The line containing "Answer: New York How does" and every line after it, through the end of the records below: repeat them exactly, nothing more.

(Source data)
------------------------------

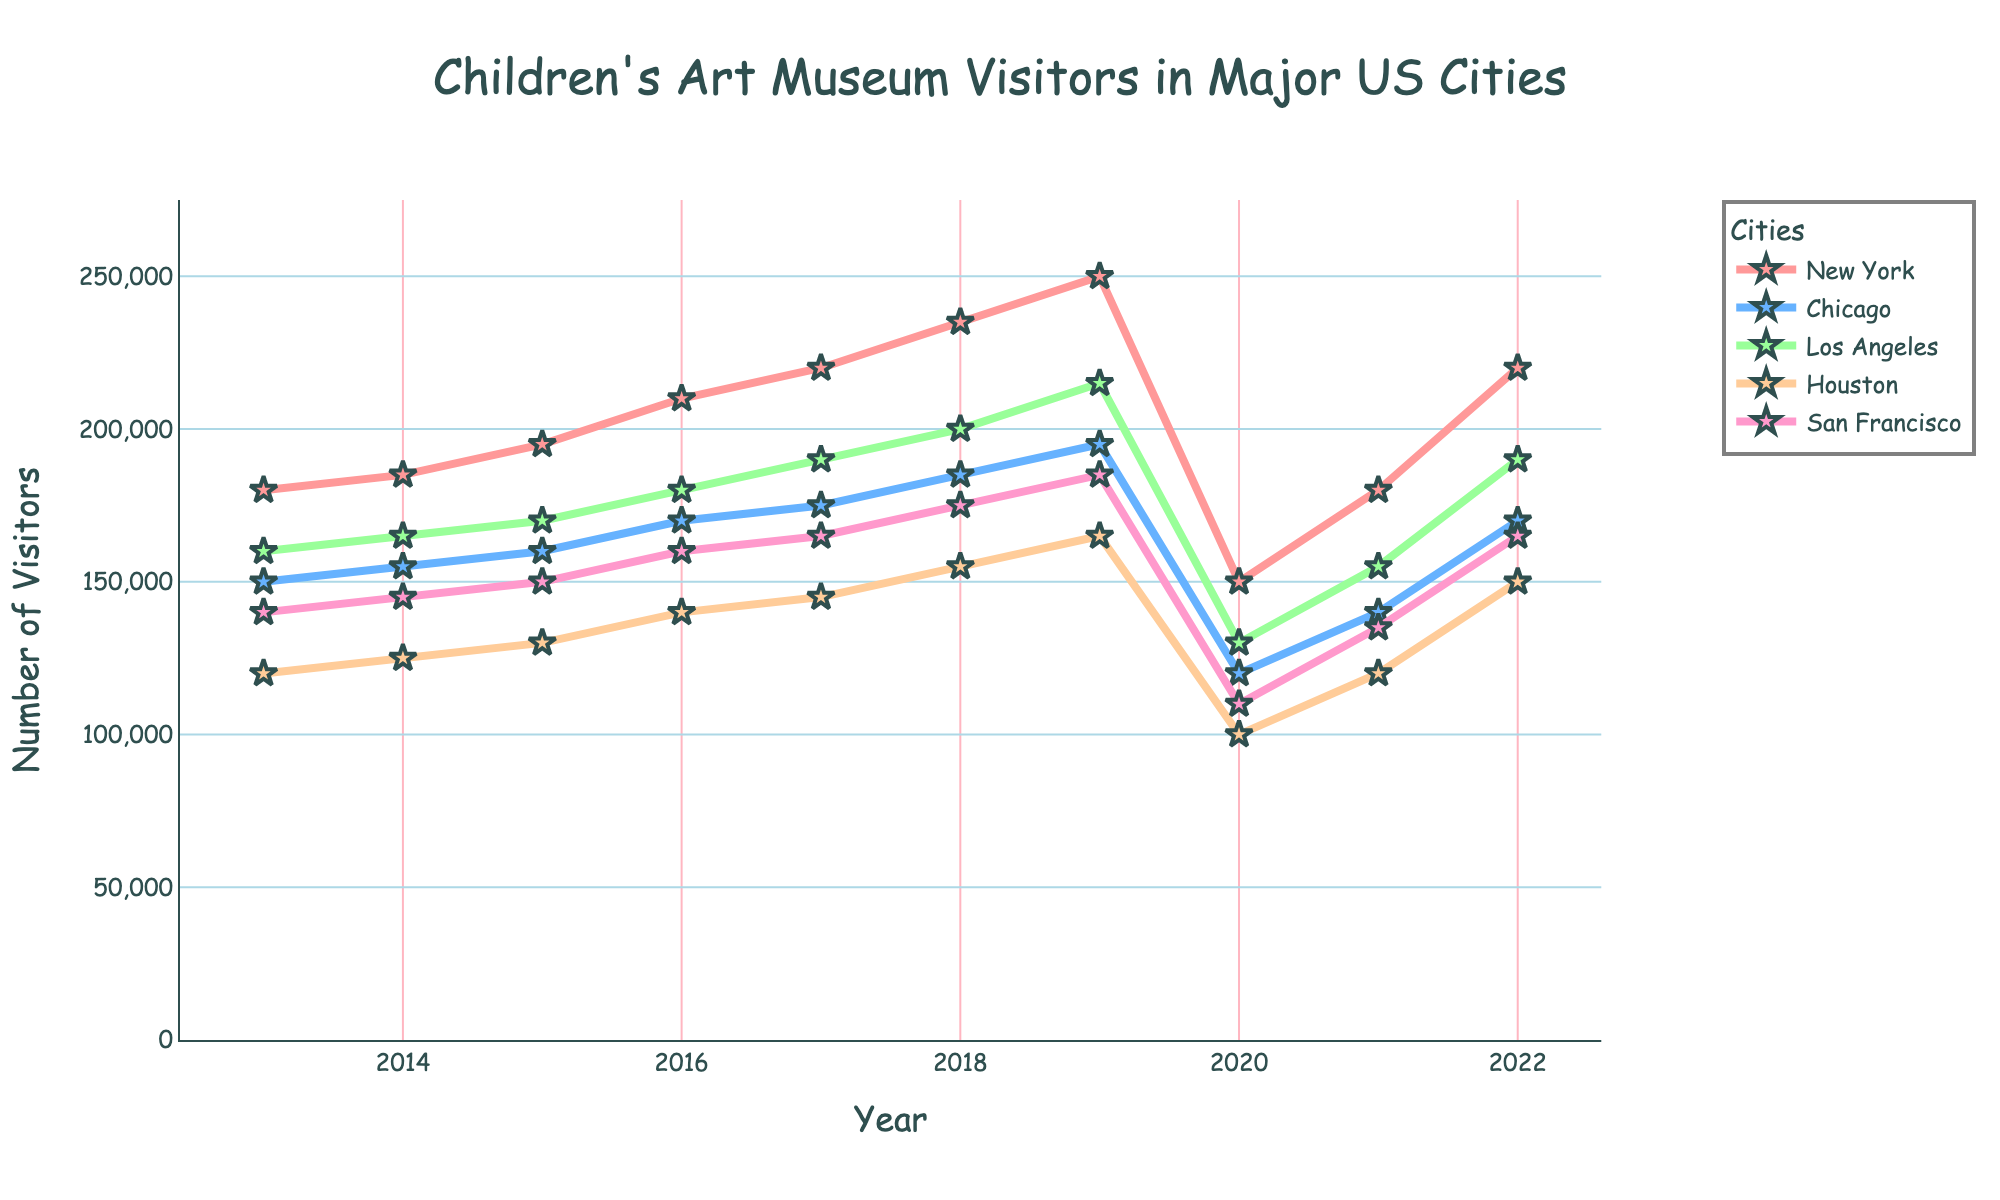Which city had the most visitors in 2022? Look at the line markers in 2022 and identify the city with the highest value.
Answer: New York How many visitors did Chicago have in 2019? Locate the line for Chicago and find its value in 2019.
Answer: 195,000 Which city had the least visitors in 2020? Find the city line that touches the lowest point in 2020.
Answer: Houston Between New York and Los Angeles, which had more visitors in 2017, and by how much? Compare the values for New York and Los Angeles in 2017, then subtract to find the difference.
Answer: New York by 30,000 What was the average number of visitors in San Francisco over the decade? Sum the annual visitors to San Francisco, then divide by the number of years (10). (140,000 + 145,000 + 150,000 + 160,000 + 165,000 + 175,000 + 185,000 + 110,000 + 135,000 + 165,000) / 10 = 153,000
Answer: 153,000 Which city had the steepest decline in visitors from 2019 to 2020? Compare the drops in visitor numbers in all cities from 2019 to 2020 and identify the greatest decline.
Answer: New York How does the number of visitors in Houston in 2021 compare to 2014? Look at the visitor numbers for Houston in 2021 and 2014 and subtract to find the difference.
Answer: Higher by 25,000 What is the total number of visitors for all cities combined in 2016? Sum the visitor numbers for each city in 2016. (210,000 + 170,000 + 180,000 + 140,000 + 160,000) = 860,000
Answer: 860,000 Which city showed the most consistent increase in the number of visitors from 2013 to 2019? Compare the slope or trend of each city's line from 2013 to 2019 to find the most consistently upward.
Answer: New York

------------------------------

*Response area*.
Answer: New York How does the number of visitors in Houston in 2021 compare to 2014? Look at the visitor numbers for Houston in 2021 and 2014 and subtract to find the difference.
Answer: Higher by 25,000 What is the total number of visitors for all cities combined in 2016? Sum the visitor numbers for each city in 2016. (210,000 + 170,000 + 180,000 + 140,000 + 160,000) = 860,000
Answer: 860,000 Which city showed the most consistent increase in the number of visitors from 2013 to 2019? Compare the slope or trend of each city's line from 2013 to 2019 to find the most consistently upward.
Answer: New York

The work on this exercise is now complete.